Cuaron argues, "The idea of setting a wall between Mexico and the US is the kind of archaic solution that will completely backfire. A big percentage of the Mexicans coming into the States earn their money, then try to return to enjoy their money. With tougher immigration measures, they realize it will be tougher to go up and down, so why not bring the whole family? Once you bring the whole family, you might as well stay here."
Cuaron had a ball shooting the film with actors like Clive Owen. "I consider him a collaborator." He says Michael Caine based his pot-smoking New Age guy on the late John Lennon, "He knew John Lennon, they were friends," He thanks Queer as Folk veteran Charlie Hunnam for bringing a scary quality to his relatively small role as a British anti-immigrant soldier.
Cuaron says his depiction of the violent urban warfare in the film was intended "not to glorify violence, but to represent the unglamorous crudeness of real violence."
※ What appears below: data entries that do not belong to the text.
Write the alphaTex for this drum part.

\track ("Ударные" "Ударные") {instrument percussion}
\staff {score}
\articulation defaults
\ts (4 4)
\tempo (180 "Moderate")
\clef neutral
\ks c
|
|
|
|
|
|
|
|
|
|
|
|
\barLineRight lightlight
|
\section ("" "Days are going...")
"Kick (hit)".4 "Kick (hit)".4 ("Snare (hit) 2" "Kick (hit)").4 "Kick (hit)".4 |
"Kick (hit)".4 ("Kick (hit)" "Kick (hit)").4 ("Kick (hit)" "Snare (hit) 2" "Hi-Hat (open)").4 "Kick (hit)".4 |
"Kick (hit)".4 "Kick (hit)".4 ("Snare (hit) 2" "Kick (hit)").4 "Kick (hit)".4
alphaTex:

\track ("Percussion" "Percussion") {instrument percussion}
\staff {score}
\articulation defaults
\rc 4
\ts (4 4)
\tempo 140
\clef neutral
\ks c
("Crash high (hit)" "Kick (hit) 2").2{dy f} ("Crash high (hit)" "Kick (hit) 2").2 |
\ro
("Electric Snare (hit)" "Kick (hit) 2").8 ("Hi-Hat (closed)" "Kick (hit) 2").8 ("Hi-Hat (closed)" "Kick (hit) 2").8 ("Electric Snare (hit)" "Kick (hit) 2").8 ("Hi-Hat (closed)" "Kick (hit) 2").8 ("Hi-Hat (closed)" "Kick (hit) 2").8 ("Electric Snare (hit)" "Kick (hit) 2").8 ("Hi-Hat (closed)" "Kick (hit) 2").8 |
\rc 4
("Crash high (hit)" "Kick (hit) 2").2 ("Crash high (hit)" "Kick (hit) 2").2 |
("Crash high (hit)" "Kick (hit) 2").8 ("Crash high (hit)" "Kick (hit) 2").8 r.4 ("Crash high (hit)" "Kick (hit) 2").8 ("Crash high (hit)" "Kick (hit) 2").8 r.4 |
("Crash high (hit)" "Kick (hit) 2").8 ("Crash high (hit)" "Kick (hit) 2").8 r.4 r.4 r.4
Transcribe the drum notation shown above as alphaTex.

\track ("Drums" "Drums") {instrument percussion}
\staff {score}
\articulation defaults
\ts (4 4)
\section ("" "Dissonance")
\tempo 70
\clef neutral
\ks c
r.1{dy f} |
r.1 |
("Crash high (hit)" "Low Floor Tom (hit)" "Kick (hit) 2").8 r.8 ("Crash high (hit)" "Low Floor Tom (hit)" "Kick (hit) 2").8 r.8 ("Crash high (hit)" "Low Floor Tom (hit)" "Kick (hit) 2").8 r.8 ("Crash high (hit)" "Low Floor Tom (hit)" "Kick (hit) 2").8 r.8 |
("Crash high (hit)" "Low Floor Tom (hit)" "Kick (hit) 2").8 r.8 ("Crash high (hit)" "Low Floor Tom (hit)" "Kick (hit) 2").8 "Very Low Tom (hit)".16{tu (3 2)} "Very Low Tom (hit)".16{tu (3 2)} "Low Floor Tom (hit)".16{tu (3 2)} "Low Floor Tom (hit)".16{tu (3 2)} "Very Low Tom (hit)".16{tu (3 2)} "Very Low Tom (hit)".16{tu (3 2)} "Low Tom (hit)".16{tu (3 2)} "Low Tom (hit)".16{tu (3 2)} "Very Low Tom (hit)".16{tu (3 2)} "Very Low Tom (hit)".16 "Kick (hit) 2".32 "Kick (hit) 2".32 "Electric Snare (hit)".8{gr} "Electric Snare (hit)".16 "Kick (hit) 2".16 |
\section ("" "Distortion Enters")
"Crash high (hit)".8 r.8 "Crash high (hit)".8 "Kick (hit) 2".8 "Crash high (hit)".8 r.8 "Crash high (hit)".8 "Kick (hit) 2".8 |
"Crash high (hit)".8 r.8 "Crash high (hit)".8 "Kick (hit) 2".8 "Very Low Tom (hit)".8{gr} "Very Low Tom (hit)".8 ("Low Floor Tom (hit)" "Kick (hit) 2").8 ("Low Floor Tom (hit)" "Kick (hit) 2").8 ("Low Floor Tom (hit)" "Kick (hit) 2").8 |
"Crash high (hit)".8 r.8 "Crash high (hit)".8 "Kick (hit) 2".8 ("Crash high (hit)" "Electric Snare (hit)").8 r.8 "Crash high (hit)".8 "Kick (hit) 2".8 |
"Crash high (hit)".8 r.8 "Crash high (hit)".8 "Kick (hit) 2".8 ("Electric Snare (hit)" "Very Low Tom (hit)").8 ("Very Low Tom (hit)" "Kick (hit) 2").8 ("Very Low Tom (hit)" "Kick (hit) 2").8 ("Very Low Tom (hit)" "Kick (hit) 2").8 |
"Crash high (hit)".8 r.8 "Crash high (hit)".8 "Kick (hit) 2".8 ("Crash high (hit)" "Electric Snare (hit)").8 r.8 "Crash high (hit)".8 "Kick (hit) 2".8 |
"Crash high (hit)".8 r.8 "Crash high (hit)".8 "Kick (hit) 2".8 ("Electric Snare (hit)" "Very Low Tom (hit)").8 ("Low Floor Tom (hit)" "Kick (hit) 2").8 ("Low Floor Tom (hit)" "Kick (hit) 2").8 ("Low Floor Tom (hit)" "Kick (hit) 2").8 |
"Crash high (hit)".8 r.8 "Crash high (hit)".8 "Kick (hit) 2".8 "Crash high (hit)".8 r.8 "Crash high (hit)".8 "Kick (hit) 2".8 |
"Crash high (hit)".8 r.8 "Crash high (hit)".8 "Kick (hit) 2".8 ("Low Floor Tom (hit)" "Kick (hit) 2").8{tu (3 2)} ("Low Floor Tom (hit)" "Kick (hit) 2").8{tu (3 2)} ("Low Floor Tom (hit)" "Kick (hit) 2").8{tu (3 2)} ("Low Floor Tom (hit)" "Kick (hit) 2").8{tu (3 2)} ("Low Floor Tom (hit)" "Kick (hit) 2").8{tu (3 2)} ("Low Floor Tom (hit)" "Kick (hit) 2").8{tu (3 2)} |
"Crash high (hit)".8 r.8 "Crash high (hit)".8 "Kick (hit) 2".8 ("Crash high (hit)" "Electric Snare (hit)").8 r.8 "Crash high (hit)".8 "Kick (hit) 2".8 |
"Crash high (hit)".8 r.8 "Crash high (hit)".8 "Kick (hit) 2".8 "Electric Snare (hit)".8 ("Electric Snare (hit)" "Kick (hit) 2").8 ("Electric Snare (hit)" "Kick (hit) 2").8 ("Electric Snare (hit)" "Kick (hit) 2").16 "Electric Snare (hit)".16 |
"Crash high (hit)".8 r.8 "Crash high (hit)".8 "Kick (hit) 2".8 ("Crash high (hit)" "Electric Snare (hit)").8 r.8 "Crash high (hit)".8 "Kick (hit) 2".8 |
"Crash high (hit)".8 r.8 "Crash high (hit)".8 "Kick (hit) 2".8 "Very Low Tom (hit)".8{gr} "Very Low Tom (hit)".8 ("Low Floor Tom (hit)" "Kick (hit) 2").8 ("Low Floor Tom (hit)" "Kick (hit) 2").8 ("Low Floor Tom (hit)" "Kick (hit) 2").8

He describes with delight the bygone chapter shooting his pioneering teen comedy, Y Tu Mama Tambien, with ravishing newcomers Gael Garcia Bernal and his childhood buddy Diego Luna. The day of the now-famous kissing scene, he observed the two actors start to exhibit macho-like panic — hugging women on the set, excessive drinking, anything to deny the implications of two best buddies simulating the throes of sexual passion. A hilarious moment occurred after several takes, when Diego turned to Gael and whispered, "Hey, you're a good kisser!"
Directing the third Harry Potter movie, Cuaron came away with a strong impression of the red-haired but bashful Rupert Grint as the likely future star out of the Hogwarts trio. The director noted that it was interesting to observe Grint's shyness with girls compared to Garcia Bernal's legendary affinity for the ladies. "Gael, he was seven, and he was sleeping with all the girls in the kindergarten."